What to do:
Print the lines that run from the line with "5. plant saucer from (444, 0) to (499, 18)" to the line with "8. pack of gloves from (309, 0) to (329, 9)", keeping both end lines, exactly as they appear in the entries below, and nothing else.

===

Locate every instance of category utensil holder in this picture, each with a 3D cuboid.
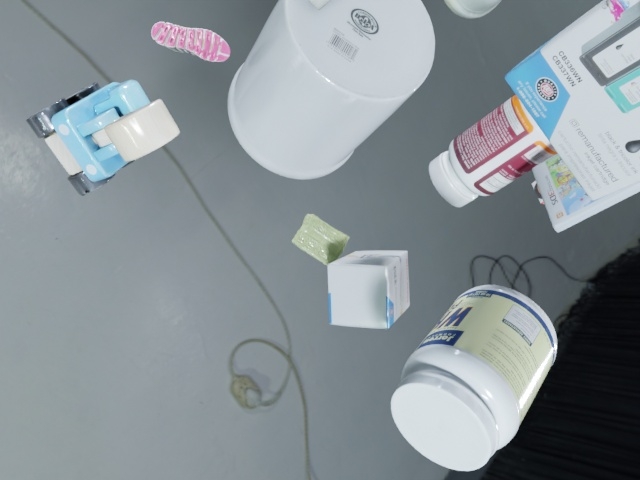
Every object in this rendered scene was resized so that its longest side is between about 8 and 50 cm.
[{"bbox_3d":[0.010,-0.345,1.225,0.327,0.385,0.327,6,73,-21],"label":"utensil holder"}]

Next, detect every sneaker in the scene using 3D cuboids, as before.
[{"bbox_3d":[-0.283,-0.438,1.294,0.170,0.075,0.063,10,105,-16],"label":"sneaker"}]

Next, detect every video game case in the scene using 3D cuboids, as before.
[{"bbox_3d":[0.505,-0.129,1.073,0.023,0.212,0.193,43,31,-27],"label":"video game case"}]

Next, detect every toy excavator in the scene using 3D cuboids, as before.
[{"bbox_3d":[-0.465,-0.271,1.372,0.222,0.445,0.433,61,26,-23],"label":"toy excavator"}]

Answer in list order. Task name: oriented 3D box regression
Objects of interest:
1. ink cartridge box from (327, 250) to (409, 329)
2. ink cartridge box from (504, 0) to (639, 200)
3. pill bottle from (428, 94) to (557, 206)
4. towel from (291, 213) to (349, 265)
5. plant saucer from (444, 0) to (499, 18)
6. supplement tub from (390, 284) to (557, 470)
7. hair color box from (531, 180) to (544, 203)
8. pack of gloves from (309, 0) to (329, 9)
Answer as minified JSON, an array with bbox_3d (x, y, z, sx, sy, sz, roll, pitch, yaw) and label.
[{"bbox_3d":[0.139,0.128,1.632,0.233,0.168,0.171,-20,109,-66],"label":"ink cartridge box"},{"bbox_3d":[0.406,-0.214,0.670,0.197,0.270,0.198,-38,92,-34],"label":"ink cartridge box"},{"bbox_3d":[0.556,-0.282,1.879,0.224,0.392,0.224,29,44,-31],"label":"pill bottle"},{"bbox_3d":[0.000,0.000,1.699,0.148,0.027,0.110,31,84,-11],"label":"towel"},{"bbox_3d":[0.351,-0.630,1.113,0.400,0.100,0.400,-28,129,-42],"label":"plant saucer"},{"bbox_3d":[0.305,0.262,1.162,0.325,0.235,0.235,-38,106,-42],"label":"supplement tub"},{"bbox_3d":[0.654,-0.164,1.601,0.043,0.141,0.072,10,52,-33],"label":"hair color box"},{"bbox_3d":[0.069,-0.313,0.574,0.046,0.232,0.195,58,17,5],"label":"pack of gloves"}]

===

Written answer:
5. plant saucer from (444, 0) to (499, 18)
6. supplement tub from (390, 284) to (557, 470)
7. hair color box from (531, 180) to (544, 203)
8. pack of gloves from (309, 0) to (329, 9)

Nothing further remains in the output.